- Stored dataset items:

┄┄┄┄┄┄┄┄┄┄┄┄┄┄┄┄┄┄┄┄

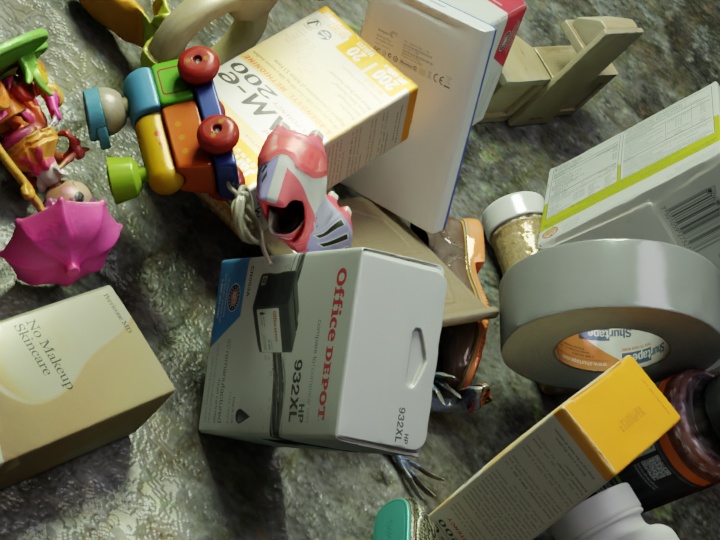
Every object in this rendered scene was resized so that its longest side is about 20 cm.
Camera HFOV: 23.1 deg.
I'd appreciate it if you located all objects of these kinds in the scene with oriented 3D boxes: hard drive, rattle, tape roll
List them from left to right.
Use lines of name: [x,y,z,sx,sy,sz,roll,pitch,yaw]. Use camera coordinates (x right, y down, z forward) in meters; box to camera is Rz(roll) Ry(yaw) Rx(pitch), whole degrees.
rattle: [-0.133,-0.259,1.587,0.143,0.200,0.130,49,5,35]
hard drive: [0.045,-0.152,1.613,0.132,0.201,0.025,31,31,30]
tape roll: [0.223,0.043,1.573,0.200,0.200,0.066,18,60,-32]

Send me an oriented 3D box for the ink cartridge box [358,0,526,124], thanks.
ink cartridge box: [0.065,-0.197,1.737,0.085,0.148,0.200,35,36,18]

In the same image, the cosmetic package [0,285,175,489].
cosmetic package: [-0.243,0.091,1.281,0.200,0.071,0.105,-23,75,-50]

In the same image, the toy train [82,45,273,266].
toy train: [-0.149,-0.077,1.398,0.115,0.085,0.201,-14,61,-7]

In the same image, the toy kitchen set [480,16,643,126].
toy kitchen set: [0.185,-0.278,1.911,0.200,0.163,0.181,-9,65,-47]

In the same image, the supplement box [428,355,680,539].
supplement box: [0.159,0.169,1.487,0.074,0.200,0.126,51,38,8]

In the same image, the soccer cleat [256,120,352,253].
soccer cleat: [-0.050,-0.044,1.423,0.066,0.200,0.077,16,66,13]

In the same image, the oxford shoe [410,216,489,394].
oxford shoe: [0.077,0.031,1.646,0.073,0.071,0.201,10,46,-11]

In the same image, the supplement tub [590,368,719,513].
supplement tub: [0.279,0.156,1.603,0.107,0.200,0.107,20,56,-33]

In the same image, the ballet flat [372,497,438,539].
ballet flat: [0.036,0.272,1.404,0.075,0.068,0.200,47,34,-27]

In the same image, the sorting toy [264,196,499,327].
sorting toy: [0.000,0.000,1.569,0.185,0.037,0.200,-7,40,-45]

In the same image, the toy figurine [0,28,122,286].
toy figurine: [-0.260,-0.077,1.392,0.185,0.150,0.200,60,14,-6]

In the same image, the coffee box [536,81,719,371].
coffee box: [0.314,-0.030,1.734,0.200,0.200,0.198,55,21,-16]

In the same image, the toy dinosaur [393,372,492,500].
toy dinosaur: [0.030,0.090,1.524,0.200,0.105,0.181,54,25,19]

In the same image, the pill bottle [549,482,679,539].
pill bottle: [0.248,0.292,1.539,0.111,0.111,0.201,-10,66,-47]

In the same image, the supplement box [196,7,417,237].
supplement box: [-0.065,-0.132,1.545,0.200,0.074,0.126,-35,65,-29]

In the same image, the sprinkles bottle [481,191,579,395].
sprinkles bottle: [0.179,0.022,1.734,0.068,0.068,0.201,7,55,-39]

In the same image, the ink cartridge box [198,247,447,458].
ink cartridge box: [-0.033,0.064,1.364,0.083,0.200,0.146,14,79,-34]

┄┄┄┄┄┄┄┄┄┄┄┄┄┄┄┄┄┄┄┄

- DIRECTIONS: Among the entries, how many lines hold the string "scene"? Answer with a bare number.

- SOLUTION FOR THIS PROBLEM: 2